The point is, the researchers differentiate themselves by the markets they serve and the approaches they take. This helps them meet the information needs of their target audiences, but it also accounts for some of the seeming incongruities in the annuity data that advisors see in the general media.
Other reports, too
A number of other firms and organizations also make quarterly annuity results available in public venues (as well as to their own customers, members, and study participants). Some of the well-known providers, in addition to SNL and Morningstar, follow. Here too, there are differences in scope and parameters.
· LIMRA. This researcher publishes new retail sales results for fixed and variable annuities, separately and in total, in the individual market. The data include fixed annuity detail (fixed rate deferred, book value, market value, indexed, etc.) and variable annuity account detail (separate and fixed).
· Insured Retirement Institute. This trade group puts out quarterly total new sales results for variable and fixed annuities, plus some additional detail. These results combine new variable annuity sales data from Morningstar and new fixed sales data from Beacon Research.
· Beacon Research. This researcher publishes data on fixed annuities, including indexed, income, fixed rate (market value and non-market value). The numbers are for new individual sales with 1035s/rollovers from other carriers included, but with contract-to-contract rollovers within the same carrier excluded.
· Wink. This resource publishes new sales and other data on indexed annuities. The publicly available annuity numbers are for individual and group sales, including 1035 exchanges and rollovers (but carriers that participate in the study receive sales net of 1035s and rollovers).
· CANNEX USA. This firm reports on single premium income annuities — not actual sales but rather, advisor inquiries to its online exchange.
Other researchers conduct annuity sales studies on a more boutique level, and some distributors and carriers also provide tallies but through the lens of their own firm and products. That means there’s plenty of annuity sales data to go around.
The fly in the ointment is that data come with differences, some of them significant. The differences may include not just industry segment studied but also carriers and products included, definitions used for terms and products, categories of features examined, net or gross results, and many other factors.
Sharp-eyed practitioners will catch the critical differences; at least that is the hope. But this doesn’t always happen. Those who are in a hurry or who are not yet up to speed on annuity data may assume it’s all somehow the same, be overwhelmed at the volume, and/or discount perceived discrepancies as “bad data” suitable only for the trash heap.

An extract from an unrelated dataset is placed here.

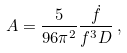<formula> <loc_0><loc_0><loc_500><loc_500>A = \frac { 5 } { 9 6 \pi ^ { 2 } } \frac { \dot { f } } { f ^ { 3 } D } \, ,</formula>

Most researchers do indicate their methodology and/or source and scope of study. However, that information does not usually appear at the top of a data summary, or at the top of news reports about the sales reports. In-the-know advisors therefore need to read the data summaries straight through, top to bottom, and to ask questions about parameters if something doesn’t make sense.
The data providers can help by making sure they mention the methodologies they use when reporting out the quarterly results to the public. The media can help too by including the key points on methodology in their news reports. This doesn’t need to be a detailed accounting such as might appear in the full reports sent to subscribers and members. Just simple overviews in simple English will do.
Some other sectors of the insurance business — such as disability and long-term care — do not have as deep a reservoir of publicly available sales data for field professionals to sample. In view of this, the annuity data pool is actually a tremendous resource for advisors, as long as those who are looking don’t fall in and drown.